WORK TASK:
Each line from the one containing "extent: [sx, sy, sz]" through the last line of the records below is to be repeated as written, with nothing added.

____

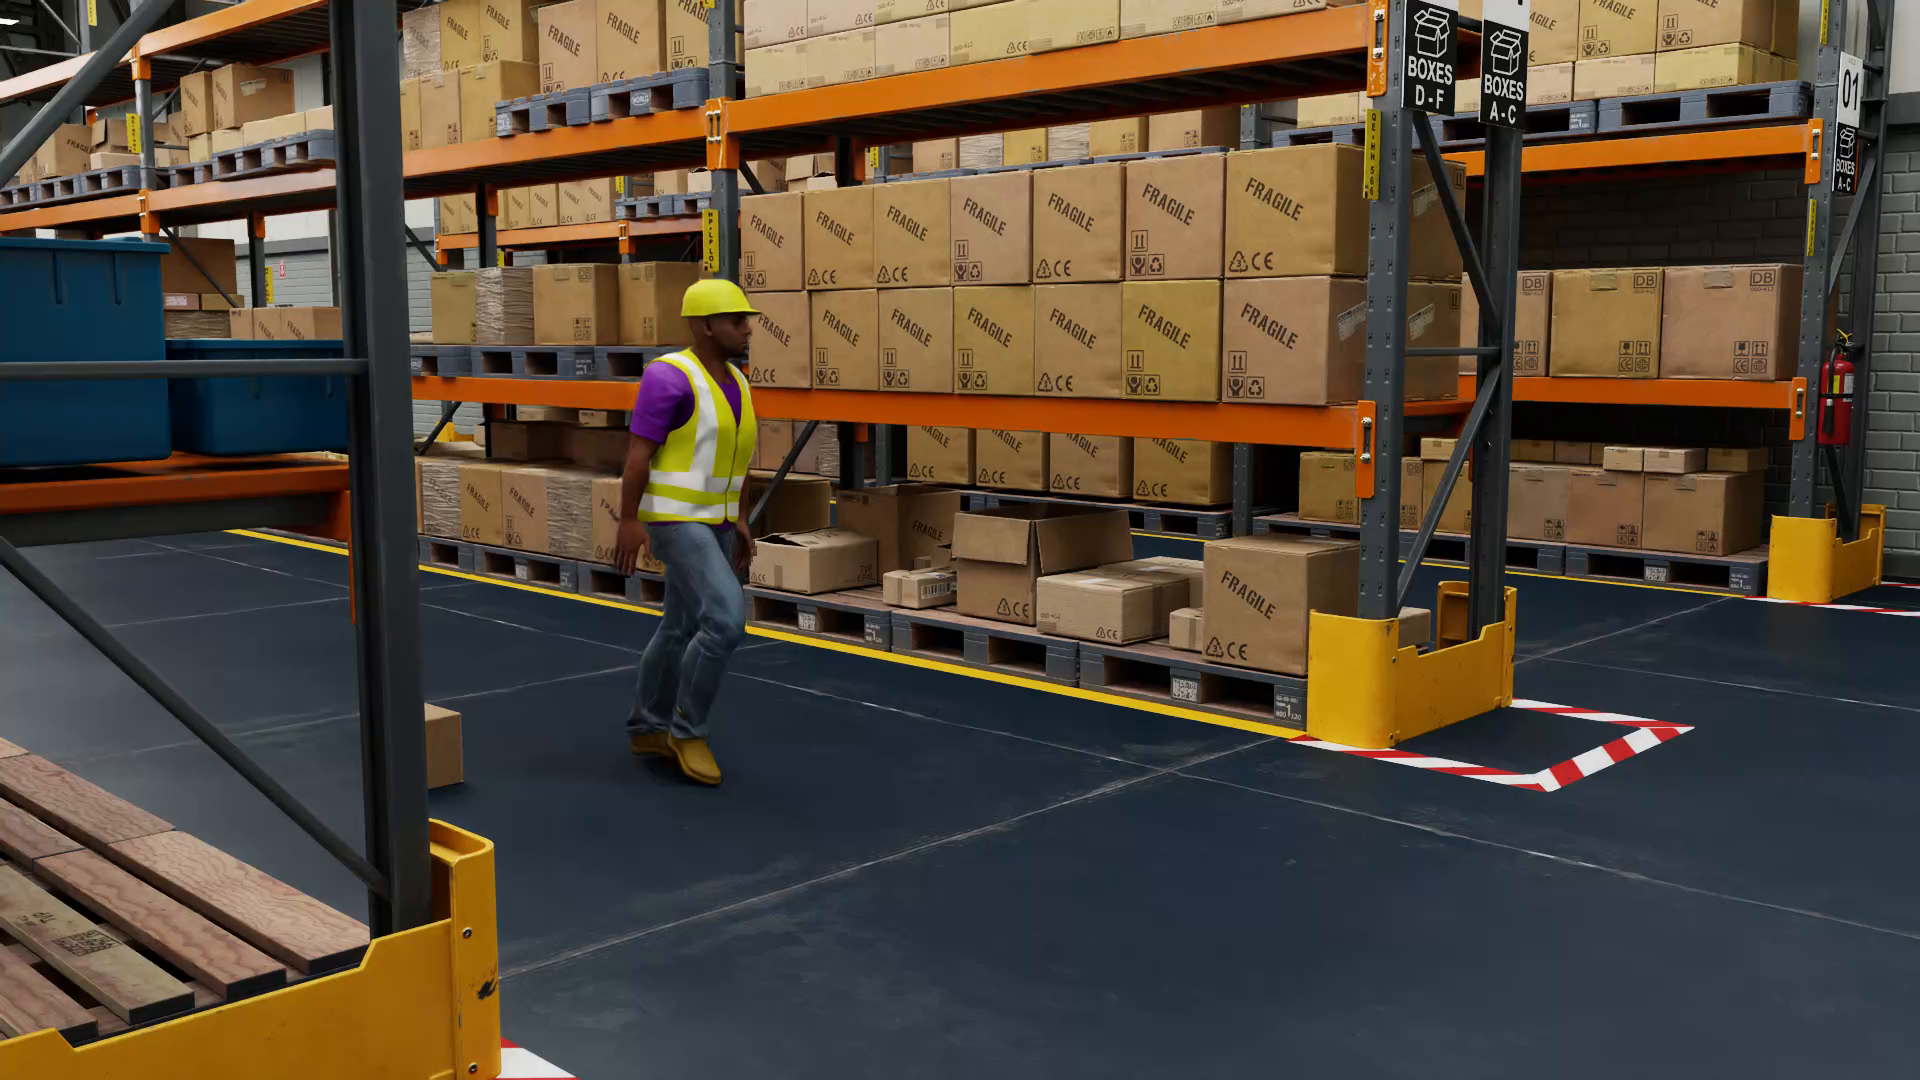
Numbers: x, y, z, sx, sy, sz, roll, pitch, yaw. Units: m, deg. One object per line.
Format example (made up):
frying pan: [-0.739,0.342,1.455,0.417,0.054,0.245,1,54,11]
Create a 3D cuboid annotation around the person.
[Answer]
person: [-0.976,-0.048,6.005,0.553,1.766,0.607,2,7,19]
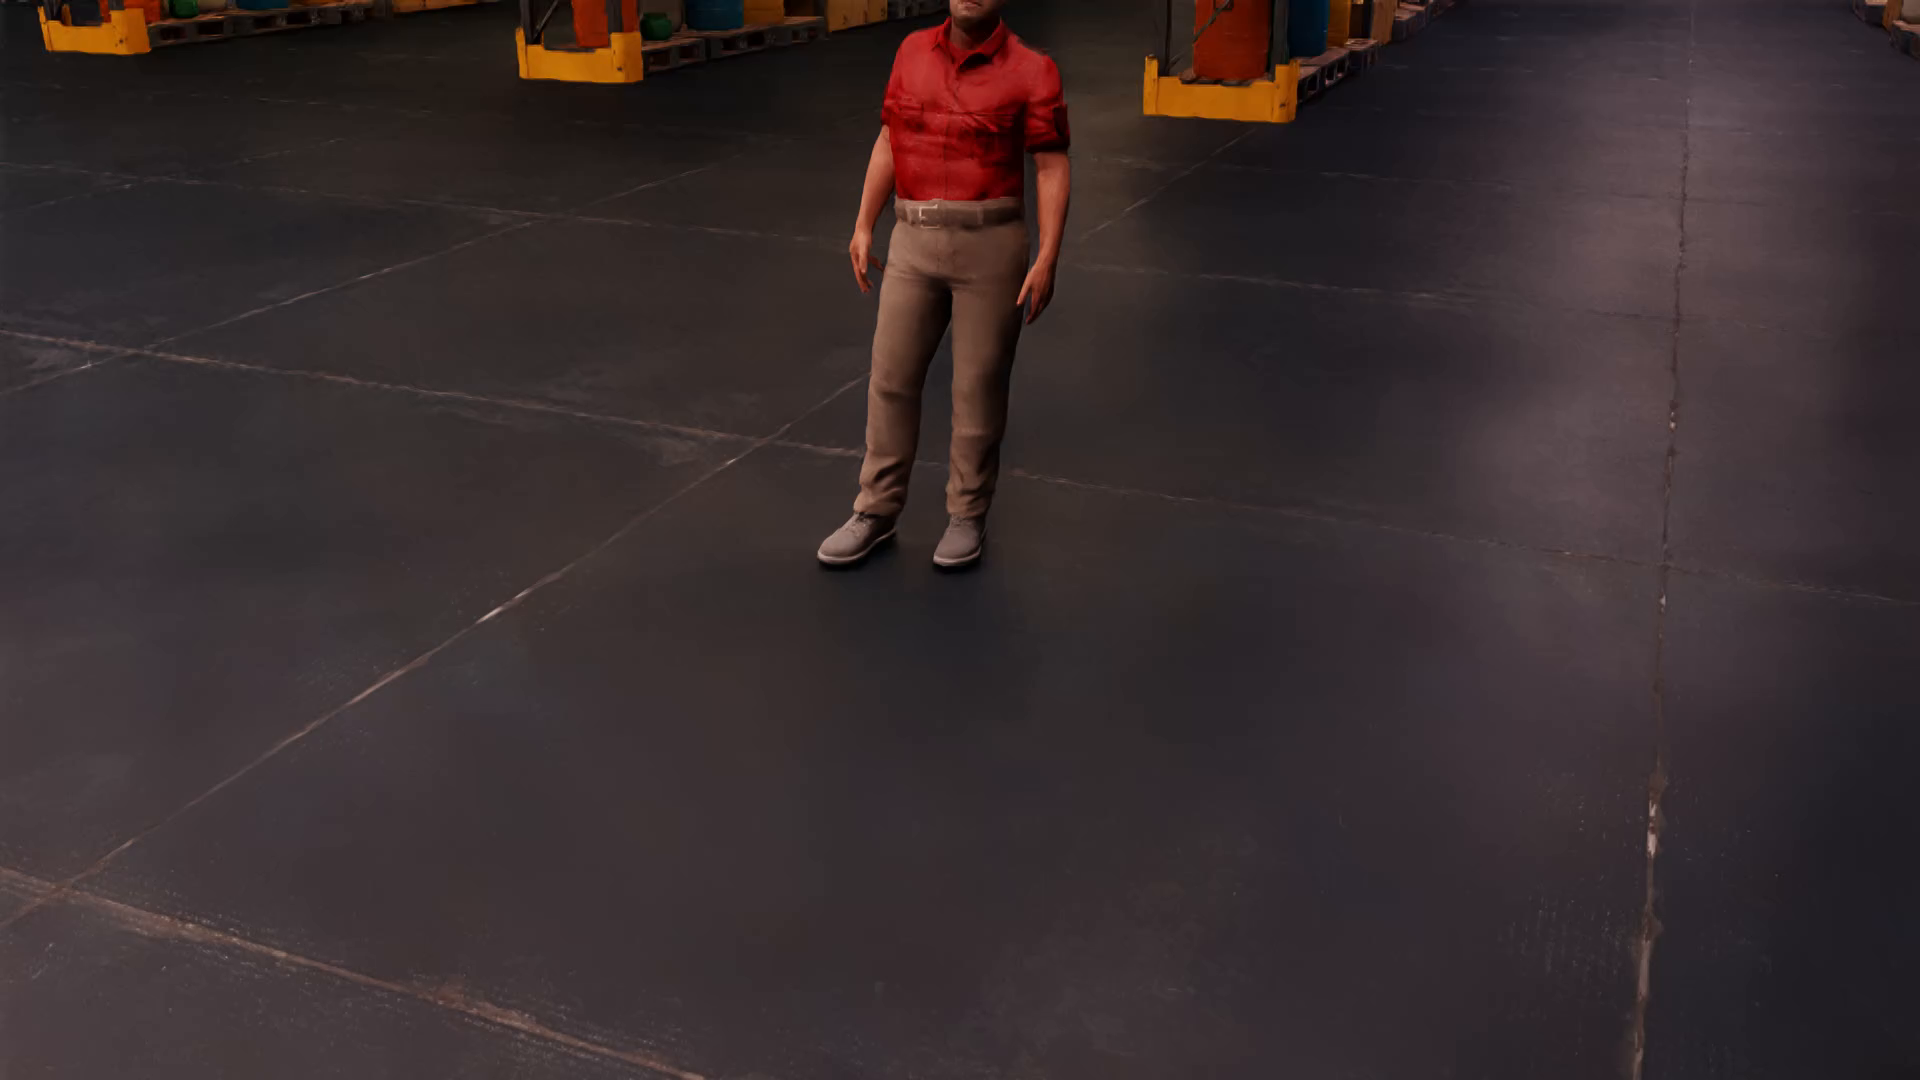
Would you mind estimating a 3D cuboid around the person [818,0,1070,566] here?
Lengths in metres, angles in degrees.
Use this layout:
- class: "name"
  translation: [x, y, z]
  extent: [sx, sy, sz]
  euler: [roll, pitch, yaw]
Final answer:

____

ANSWER SPACE:
  extent: [sx, sy, sz]
  euler: [roll, pitch, yaw]
Final answer:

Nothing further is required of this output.